Calculation of purchase propensity via means of machine learning proved its efficiency. Down below, an in-depth analysis of why and how we calculate purchase propensity with machine learning follows.
Marginal propensity of consumers toward a product or a service is generally guessed by suppliers, so demand shifts, market movements, and financial alterations, although they have an impact, are overlooked. In fact, not being able to keep records and data causes so many problems in terms of calculations of these metrics that providers are left to guess only. Problem is that purchase propensity is a major driving force of most transactions.

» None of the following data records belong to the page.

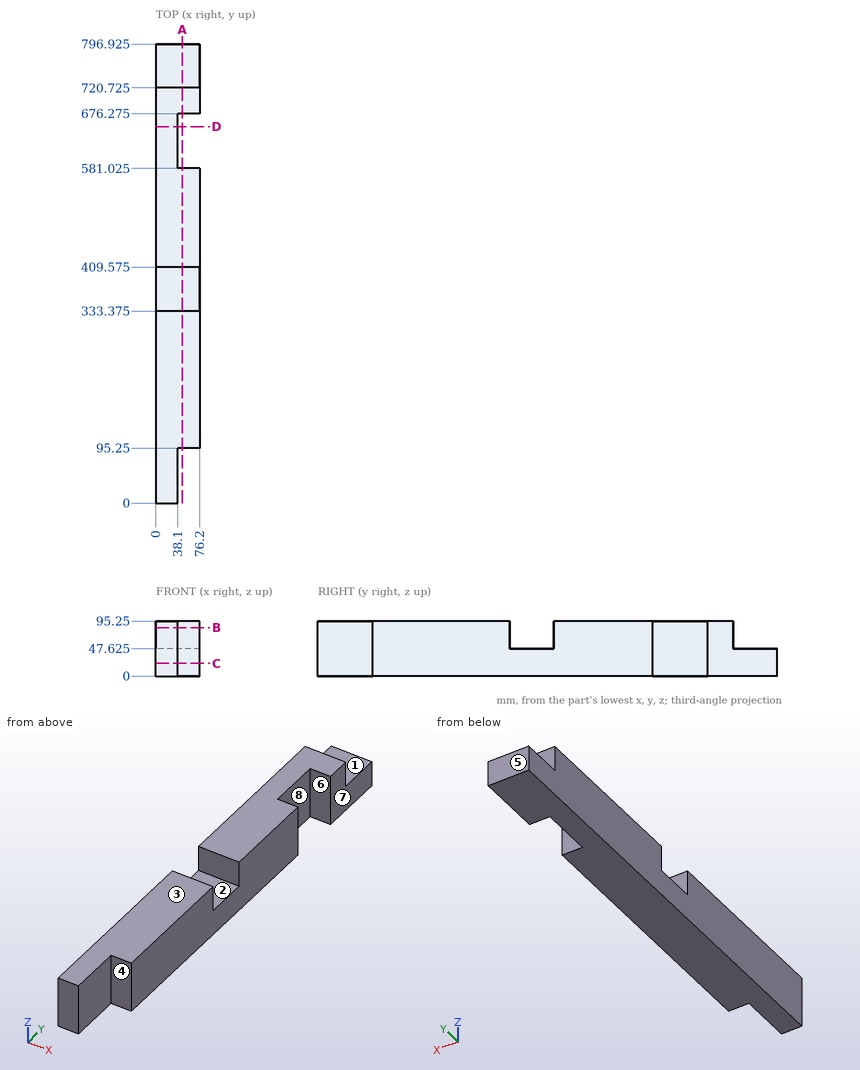
Verification items for this drawing (mm, ordinates from the low corner). A direction names the side the tool comes from. Round coordinates to 2 decimals unless told otherwise and drop trailing zeros. Loops run counter-clockwise (first coordinate to the right, second up) from the corner with the lowest first, then second, coordinate; pieces in that order, holes last. Notation, with made-up numbers: M -27,67 L -22,67 A13 ccw -22,72 Z; hole C 15.25,-19 d7. An arc over 180 degrees is marked long. Answer as a JSON object with one key per item and string values.
1. Mould release check, pull along Y, two halves, no side actions. Record for the marked faces 5, 6, 7 and 8: pulls with the +Y half, pulls with the -Y half, needs draft (parallel to the pull), parting line crosses it, or undercut.
Reply:
{"face 5": "pulls with the +Y half", "face 6": "undercut", "face 7": "needs draft", "face 8": "undercut"}
2. Section check A-A (x = 46). Record the boundary of the cut face in (y, z) (3 decimals), plus the area to 3 significant figures.
Reply:
{"outline": "M 95.25,0 L 581.025,0 L 581.025,95.25 L 409.575,95.25 L 409.575,47.625 L 333.375,47.625 L 333.375,95.25 L 95.25,95.25 Z; M 676.275,0 L 796.925,0 L 796.925,47.625 L 720.725,47.625 L 720.725,95.25 L 676.275,95.25 Z", "area": "50,500 mm²"}
3. Gauge pin test, flat ends, axial feed: P1, Ø24, axis at x = 29.5, z = 64, coming from the +Y side (3 decimals); P2, Ø2, axis at x = 47.5, z = 67, coming from the -Y side. Record the tip position at first contact, or that the pin passes through.
Reply:
{"P1": "stops at y = 720.725", "P2": "stops at y = 95.25"}
4. Section check D-D (y = 653.5). Record the boundary of the cut face in (x, z), plus the area to 3 significant figures.
Reply:
{"outline": "M 0,0 L 38.1,0 L 38.1,95.25 L 0,95.25 Z", "area": "3,630 mm²"}
5. Section check C-C (z = 22). Record the boundary of the cut face in (x, y) (3 decimals), plus the area to 3 significant figures.
Reply:
{"outline": "M 0,0 L 38.1,0 L 38.1,95.25 L 76.2,95.25 L 76.2,581.025 L 38.1,581.025 L 38.1,676.275 L 76.2,676.275 L 76.2,796.925 L 0,796.925 Z", "area": "53,500 mm²"}
6. Access from +Z, -Z, +X, -X, +Y, -Y to the whole of each face (thin tool, end or side, straight path). Record for the marked faces 1, 2, 3 and 4.
Reply:
{"face 1": "+Z, +X, -X, +Y", "face 2": "+Z, +X, -X", "face 3": "+Z, +X, -X, +Y, -Y", "face 4": "+Z, -Z, +X, -Y"}
7. Scan lines: line 1 (Y direction, x = 9.5, z = 83) (3 decimals); line 2 (Y direction, x = 60.5, z = 18.5) (3 decimals); line 3 (X direction, y = 583.5, z = 81.5). Record each from-to range of solid material in increasing order.
Reply:
{"line 1": "y = 0 to 333.375, 409.575 to 720.725", "line 2": "y = 95.25 to 581.025, 676.275 to 796.925", "line 3": "x = 0 to 38.1"}
8. Section check B-B (z = 84). Record the boundary of the cut face in (x, y) (3 decimals).
Reply:
{"outline": "M 0,0 L 38.1,0 L 38.1,95.25 L 76.2,95.25 L 76.2,333.375 L 0,333.375 Z; M 0,409.575 L 76.2,409.575 L 76.2,581.025 L 38.1,581.025 L 38.1,676.275 L 76.2,676.275 L 76.2,720.725 L 0,720.725 Z"}

Who will buy this product? and which product is going to be bought by whom? are the questions pulling the strings of selling strategies. However, without a proper data collection and means of utilizing them, every strategy is dull. In particular, without a proper way of calculating purchase propensity, selling strategies are missing on so many levels.
Why we are yearning the information on likelihood of purchases for specific products has simple grounds. In order to put a sound selling strategy to work, one must know the facts on products’ place in market demand. That is, individual likelihood to buy a product or a service. Chances are high that a person signals if s/he is going to buy a certain item. Those signals may be ultimately exposed, or they can be hidden in so many layers of consumer behavior that revealing them needs too much work. Nonetheless, wherever the situation places, a certain amount of time and effort must be put on revealing purchase propensities of individuals. Thus, in a world where almost everybody becomes consumer, a willing consumer and an unwilling one must be differentiated in terms of their buying behaviors. Hence, both conventional statistical methods and the newest methods must be utilized. However, now the best way to calculate purchase propensity is machine learning.
Machine learning algorithms deal with purchase propensity predictions as they are dealing with other applications: correlation calculation. That is, as an individual's inclination to behave in a certain way changes, some parameters of this behavior can be nested into each other – forming a prediction model to anticipate customer propensity. Of course, this needs a vast amount of data to even start. However, e-commerce and e-marketing, where data collection is so easy (relative to off-line retail), have become so widespread that the only thing left is just turning that data into information for prediction models. Web behavior, email engagement, and feedback to websites, all are a huge source of data for starting out machine learning model formation.
Enhencer utilizes best algorithms to construct a predictive purchase propensity model for you. In incremental means, a propensity score is attained to every class (or group) of consumers. Then, a model is offered in which purchase and non-purchase classes (binary classifier) are tested. Hence, with further teachings and tests, classifier is expected to have a maximum accuracy on attaining propensity scores. If model is working well, we can see similarities between model and former marketing data. This way we are running an A/B testing to see if model works. Thus, with that model running we can spot the purchaser and non-purchasers so that a sound selling strategy can be formed such as factoring out the non-purchasers and leaning towards the highest likely one to purchase.